Leaving the pictures aside, transcribe the data below exactly.
------
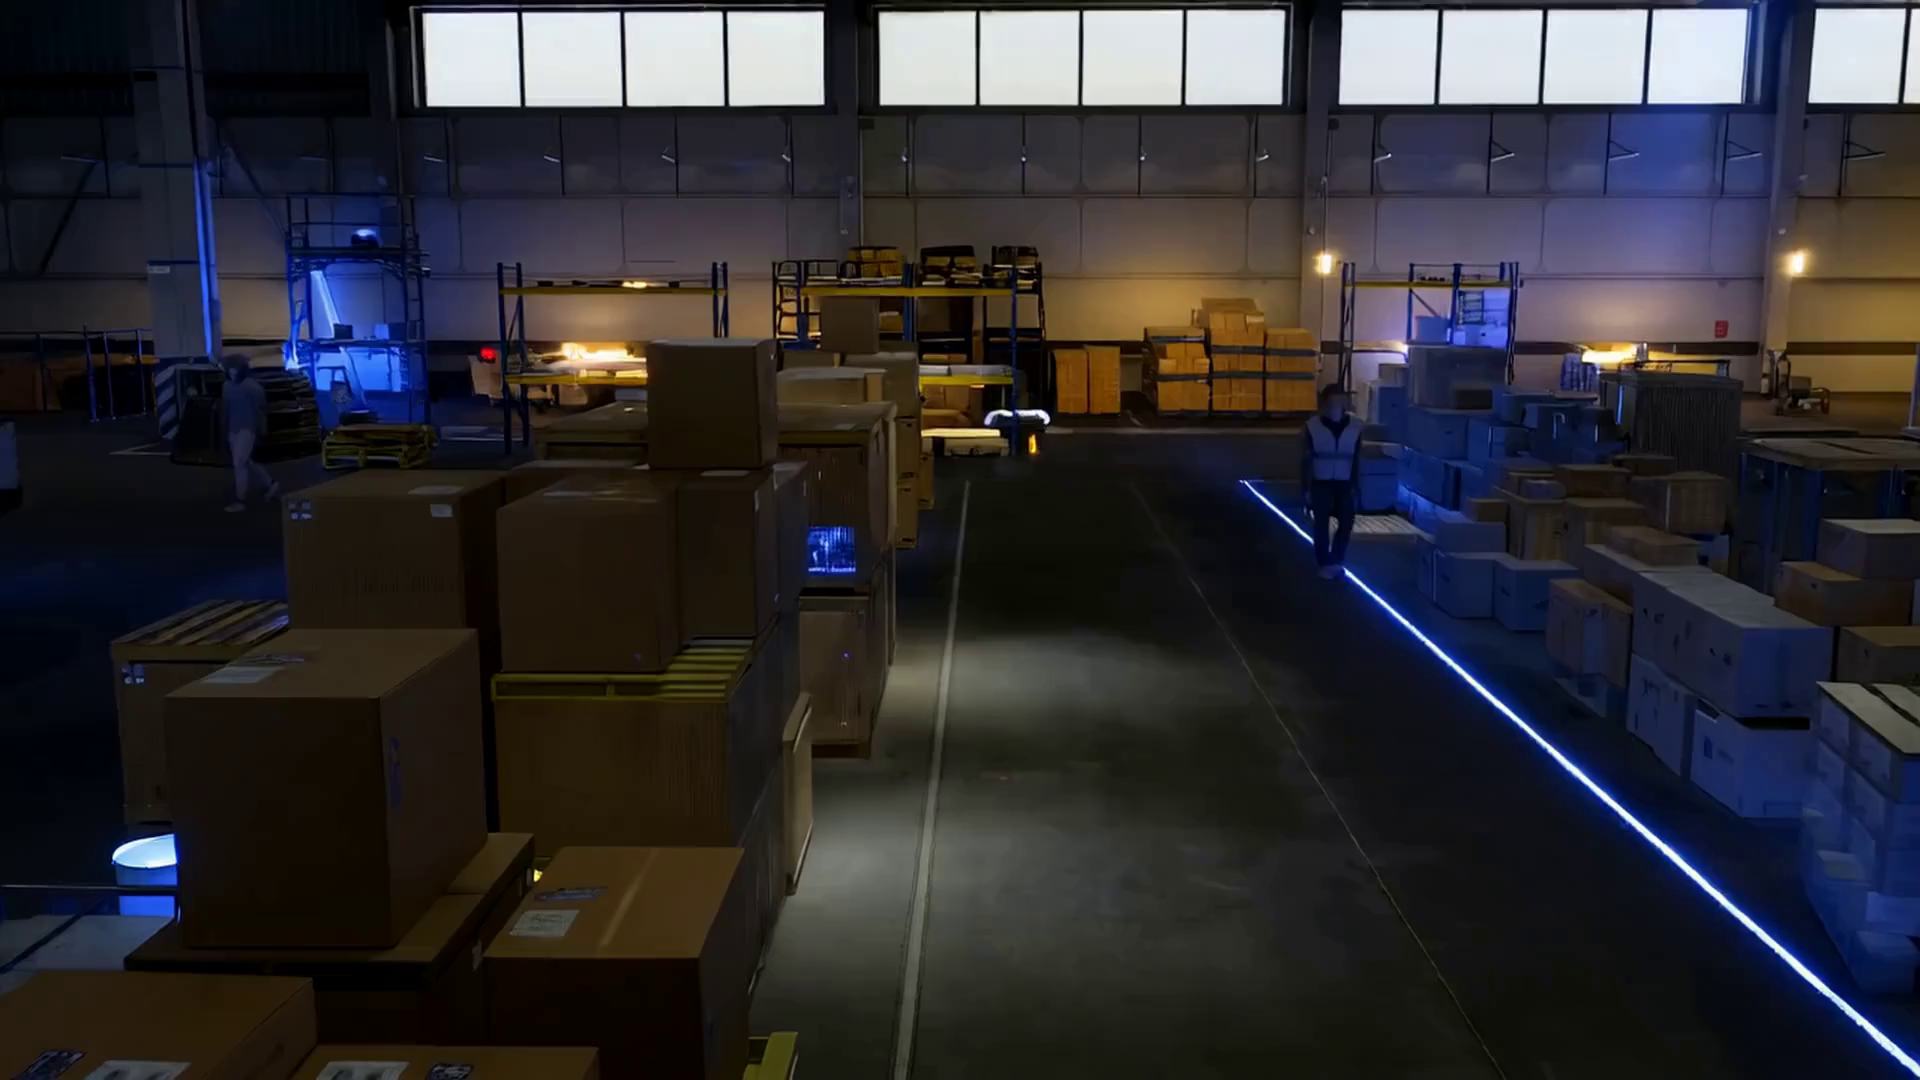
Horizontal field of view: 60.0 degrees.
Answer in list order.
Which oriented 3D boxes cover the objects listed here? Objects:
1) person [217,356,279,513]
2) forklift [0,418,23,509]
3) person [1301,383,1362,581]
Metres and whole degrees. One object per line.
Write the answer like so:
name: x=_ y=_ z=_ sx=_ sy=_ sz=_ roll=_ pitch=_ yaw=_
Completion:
person: x=-8.784 y=-1.328 z=20.516 sx=0.631 sy=1.910 sz=0.890 roll=5 pitch=11 yaw=26
forklift: x=-12.457 y=-1.720 z=19.936 sx=1.873 sy=2.768 sz=1.129 roll=-4 pitch=10 yaw=-25
person: x=3.533 y=-0.540 z=15.788 sx=0.621 sy=1.895 sz=0.537 roll=-1 pitch=10 yaw=-6
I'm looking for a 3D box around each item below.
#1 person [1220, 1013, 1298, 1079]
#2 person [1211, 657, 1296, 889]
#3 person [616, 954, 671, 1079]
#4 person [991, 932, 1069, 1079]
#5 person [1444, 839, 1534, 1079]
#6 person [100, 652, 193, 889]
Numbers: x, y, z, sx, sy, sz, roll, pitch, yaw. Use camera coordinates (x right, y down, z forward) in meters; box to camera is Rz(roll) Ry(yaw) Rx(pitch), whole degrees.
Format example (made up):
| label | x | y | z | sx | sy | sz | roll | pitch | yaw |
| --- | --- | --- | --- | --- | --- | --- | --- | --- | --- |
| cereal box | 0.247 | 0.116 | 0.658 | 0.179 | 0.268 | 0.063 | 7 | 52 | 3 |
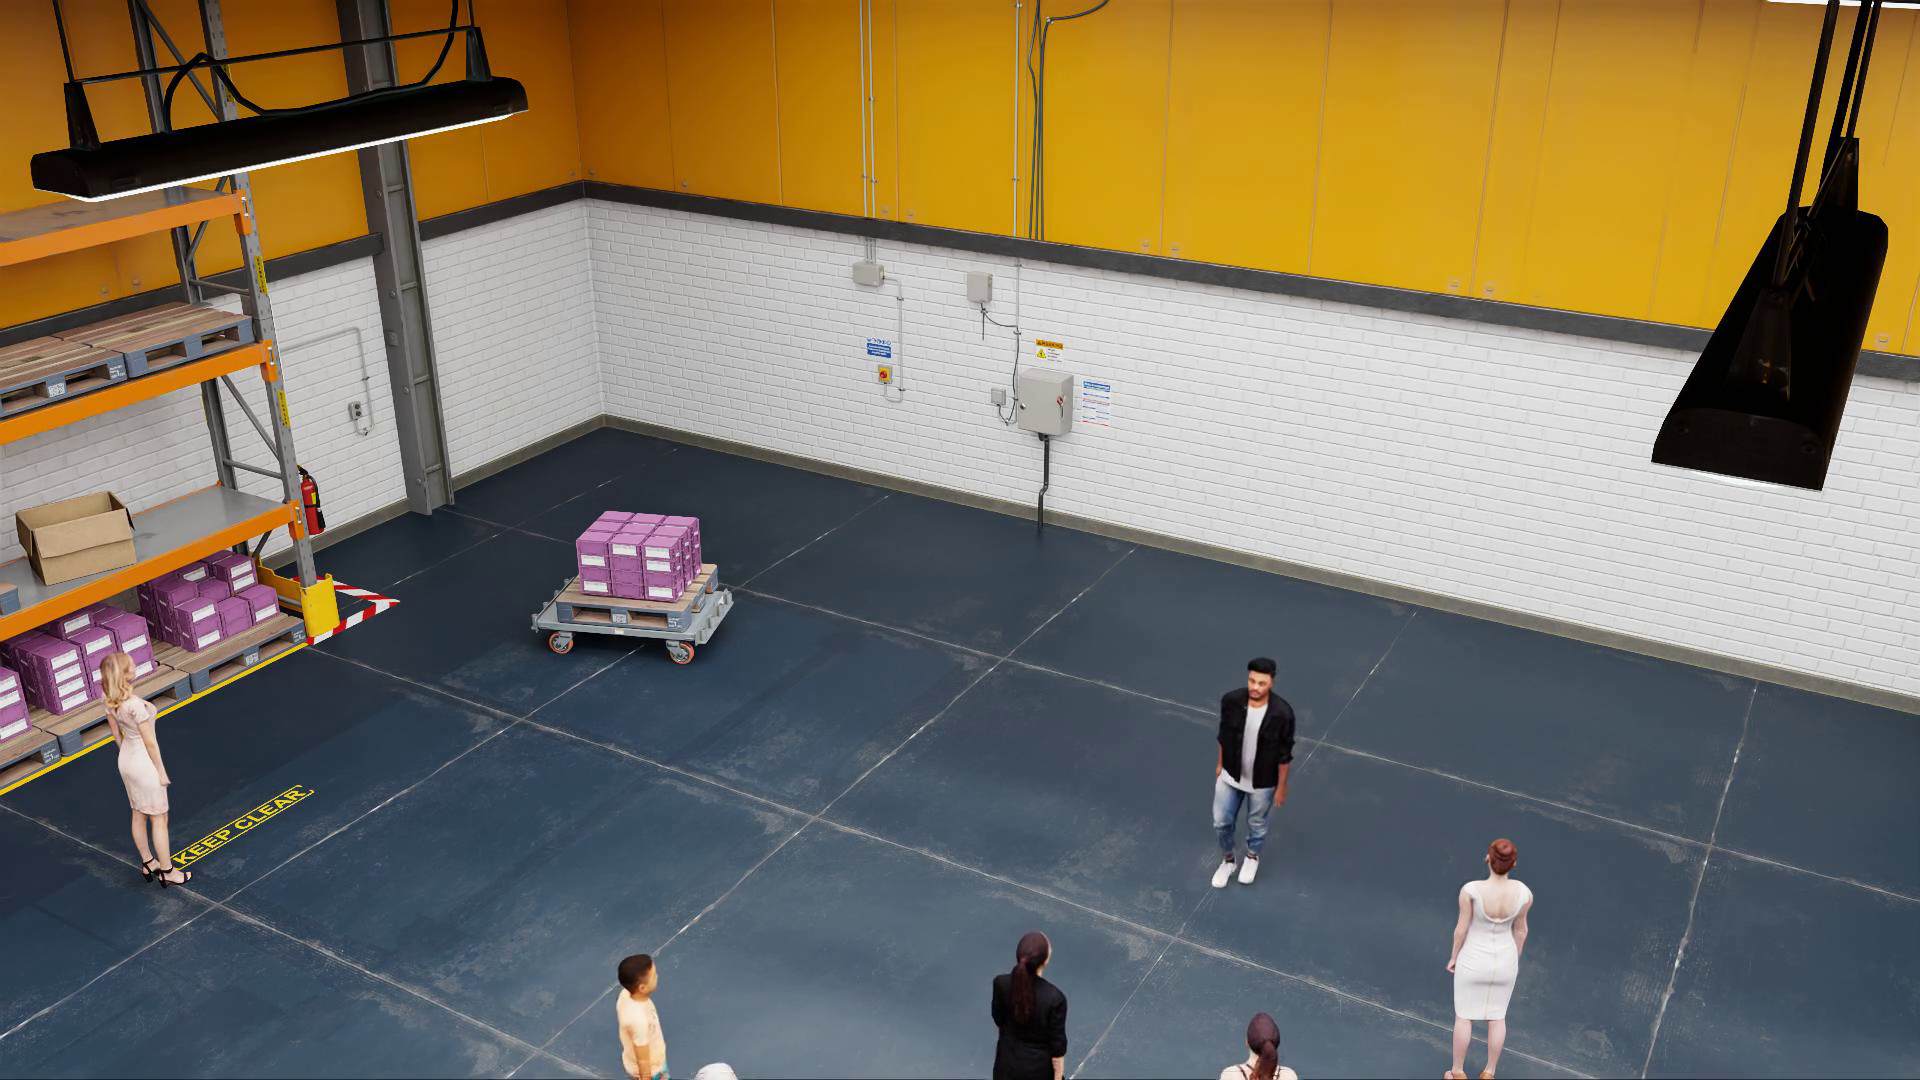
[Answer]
| label | x | y | z | sx | sy | sz | roll | pitch | yaw |
| --- | --- | --- | --- | --- | --- | --- | --- | --- | --- |
| person | 1.467 | 3.117 | 8.351 | 0.698 | 1.601 | 0.771 | 1 | 24 | 3 |
| person | 2.071 | 1.568 | 11.649 | 0.718 | 1.797 | 0.695 | 12 | 26 | 25 |
| person | -1.791 | 2.881 | 9.083 | 0.960 | 1.448 | 0.830 | -10 | 26 | -22 |
| person | 0.320 | 2.876 | 8.869 | 0.656 | 1.627 | 1.009 | 11 | 26 | 24 |
| person | 3.035 | 2.467 | 9.598 | 0.630 | 1.793 | 0.613 | 2 | 24 | 4 |
| person | -5.695 | 1.595 | 11.545 | 0.561 | 1.831 | 0.484 | 13 | 27 | 27 |
------
● Task result:
Horizontal field of view: 60.0 degrees.
Answer in list order.
Which oriented 3D boxes cover the objects listed here? Objects:
1) person [217,356,279,513]
2) forklift [0,418,23,509]
3) person [1301,383,1362,581]
Metres and whole degrees. One object per line.
Write the answer like so:
name: x=_ y=_ z=_ sx=_ sy=_ sz=_ roll=_ pitch=_ yaw=_
Completion:
person: x=-8.784 y=-1.328 z=20.516 sx=0.631 sy=1.910 sz=0.890 roll=5 pitch=11 yaw=26
forklift: x=-12.457 y=-1.720 z=19.936 sx=1.873 sy=2.768 sz=1.129 roll=-4 pitch=10 yaw=-25
person: x=3.533 y=-0.540 z=15.788 sx=0.621 sy=1.895 sz=0.537 roll=-1 pitch=10 yaw=-6
I'm looking for a 3D box around each item below.
#1 person [1220, 1013, 1298, 1079]
#2 person [1211, 657, 1296, 889]
#3 person [616, 954, 671, 1079]
#4 person [991, 932, 1069, 1079]
#5 person [1444, 839, 1534, 1079]
#6 person [100, 652, 193, 889]
Numbers: x, y, z, sx, sy, sz, roll, pitch, yaw. Use camera coordinates (x right, y down, z forward) in meters; box to camera is Rz(roll) Ry(yaw) Rx(pitch), whole degrees.
Format example (made up):
| label | x | y | z | sx | sy | sz | roll | pitch | yaw |
| --- | --- | --- | --- | --- | --- | --- | --- | --- | --- |
| cereal box | 0.247 | 0.116 | 0.658 | 0.179 | 0.268 | 0.063 | 7 | 52 | 3 |
[Answer]
| label | x | y | z | sx | sy | sz | roll | pitch | yaw |
| --- | --- | --- | --- | --- | --- | --- | --- | --- | --- |
| person | 1.467 | 3.117 | 8.351 | 0.698 | 1.601 | 0.771 | 1 | 24 | 3 |
| person | 2.071 | 1.568 | 11.649 | 0.718 | 1.797 | 0.695 | 12 | 26 | 25 |
| person | -1.791 | 2.881 | 9.083 | 0.960 | 1.448 | 0.830 | -10 | 26 | -22 |
| person | 0.320 | 2.876 | 8.869 | 0.656 | 1.627 | 1.009 | 11 | 26 | 24 |
| person | 3.035 | 2.467 | 9.598 | 0.630 | 1.793 | 0.613 | 2 | 24 | 4 |
| person | -5.695 | 1.595 | 11.545 | 0.561 | 1.831 | 0.484 | 13 | 27 | 27 |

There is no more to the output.